フランシスは八郎の協力を得ながら苦心の末、同一疾患の証明に成功し、1926年5月、学術誌『JAMA』で発表した。2人の執念が生んだ偉業だ。
学術誌『JAMA』
なお、フランシスの論文の直前に掲載されていたのはスピロヘータに関する野口英世の論文だった。全くの偶然だが、福島県出身の2人の医師が関わった重要な発表が同時になされたのだ。
◆強い感染力特徴
わが国で野兎病は古くて新しい病気と言われる。近年発生数が減少し、2008(平成20)年の5例、15年の福島県の1例を最後に報告はない。

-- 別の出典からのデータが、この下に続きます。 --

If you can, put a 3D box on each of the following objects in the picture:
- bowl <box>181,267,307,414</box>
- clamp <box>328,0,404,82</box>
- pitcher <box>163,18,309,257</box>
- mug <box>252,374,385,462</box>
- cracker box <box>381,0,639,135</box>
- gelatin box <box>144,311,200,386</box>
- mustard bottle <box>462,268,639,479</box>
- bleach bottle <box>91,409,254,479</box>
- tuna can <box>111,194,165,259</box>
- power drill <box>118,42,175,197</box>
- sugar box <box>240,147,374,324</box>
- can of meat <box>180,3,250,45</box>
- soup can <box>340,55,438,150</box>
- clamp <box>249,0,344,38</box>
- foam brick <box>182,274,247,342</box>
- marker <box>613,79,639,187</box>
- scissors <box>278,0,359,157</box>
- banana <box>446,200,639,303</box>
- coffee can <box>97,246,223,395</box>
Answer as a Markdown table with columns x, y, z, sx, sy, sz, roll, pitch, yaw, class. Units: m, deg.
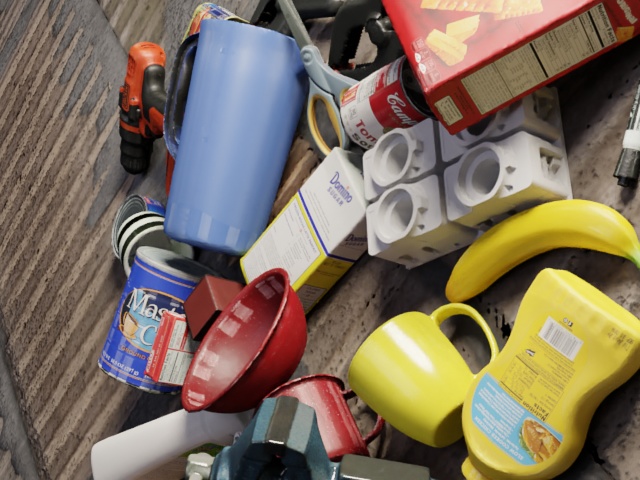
| x | y | z | sx | sy | sz | roll | pitch | yaw | class |
| --- | --- | --- | --- | --- | --- | --- | --- | --- | --- |
| -0.062 | 0.107 | 1.012 | 0.162 | 0.055 | 0.162 | -45 | 20 | 22 | bowl |
| 0.062 | -0.216 | 1.024 | 0.210 | 0.036 | 0.164 | -26 | 91 | 54 | clamp |
| -0.100 | -0.112 | 1.160 | 0.149 | 0.145 | 0.243 | -155 | 79 | -76 | pitcher |
| 0.006 | 0.176 | 0.970 | 0.117 | 0.093 | 0.081 | -27 | 55 | 0 | mug |
| 0.160 | -0.207 | 0.856 | 0.214 | 0.072 | 0.164 | -28 | 53 | 14 | cracker box |
| -0.139 | 0.122 | 1.156 | 0.030 | 0.089 | 0.073 | 18 | 92 | 52 | gelatin box |
| 0.161 | 0.124 | 0.805 | 0.096 | 0.058 | 0.192 | 40 | 110 | 33 | mustard bottle |
| -0.129 | 0.207 | 1.122 | 0.251 | 0.102 | 0.068 | -29 | 65 | 35 | bleach bottle |
| -0.231 | -0.013 | 1.364 | 0.086 | 0.033 | 0.086 | -22 | 61 | 46 | tuna can |
| -0.198 | -0.128 | 1.323 | 0.188 | 0.057 | 0.184 | 47 | 138 | 42 | power drill |
| -0.007 | 0.002 | 1.071 | 0.176 | 0.048 | 0.093 | -46 | 48 | 28 | sugar box |
| -0.128 | -0.231 | 1.296 | 0.084 | 0.057 | 0.102 | 43 | 111 | 52 | can of meat |
| 0.072 | -0.129 | 0.991 | 0.102 | 0.068 | 0.068 | -23 | 60 | 54 | soup can |
| -0.027 | -0.279 | 1.203 | 0.172 | 0.039 | 0.120 | -19 | 58 | 47 | clamp |
| -0.097 | 0.078 | 1.130 | 0.053 | 0.078 | 0.051 | -51 | 44 | 29 | foam brick |
| 0.247 | -0.099 | 0.813 | 0.020 | 0.020 | 0.121 | 14 | 88 | 52 | marker |
| 0.008 | -0.180 | 1.066 | 0.096 | 0.016 | 0.202 | -4 | 106 | 35 | scissors |
| 0.173 | 0.006 | 0.851 | 0.198 | 0.037 | 0.069 | -13 | 67 | 48 | banana |
| -0.180 | 0.090 | 1.208 | 0.103 | 0.102 | 0.140 | 29 | 100 | 52 | coffee can |

他方で野兎病菌は極めて感染力が強く、皮膚の創傷部だけでなく健康な皮膚からも侵入できる特異な菌であることから、バイオテロの兵器とされることが懸念されている。
米国では炭疽(たんそ)菌、エボラウイルスなどと同じ危険度Aに分類される。存在が再注目されているのだ。
野兎病が発症した患部(Wikipedia)
現在、日本での発症はほとんどないが、北欧やロシアでは年間100例以上の患者が発生しており、感染者が入国してくることも考えられる。
医療人にとって忘れてならない疾患であることは間違いないだろう。
(福島県立医大医学部同窓会特任事務局長 岸波靖彦)
◆京都帝大在学中に結婚 (福島民友新聞社による補稿)
大原病院第2代院長の大原八郎(1882~1943年)は、阿部平次郎の四男として伊達郡長岡村(現伊達市長岡)に生まれた。
旧家の出で、桑折町の小学校(現醸芳小)から旧制の安積中に進み、仙台の東北学院普通科1年を経て第二高校、京都帝国大学医学部で学んだ。『大原病院史』によると、小学校の頃から医師を目指した。
りきは大原一の一人娘で、東京女子高等師範学校(現お茶の水女子大)を卒業している。
八郎との交際は、八郎の二高時代から始まり、京都帝大在学中に結婚したことなどを、長男で第3代院長の甞一郎が病院史に綴(つづ)っている。
文字通り、最愛の2人だったことは他の資料からもうかがえる。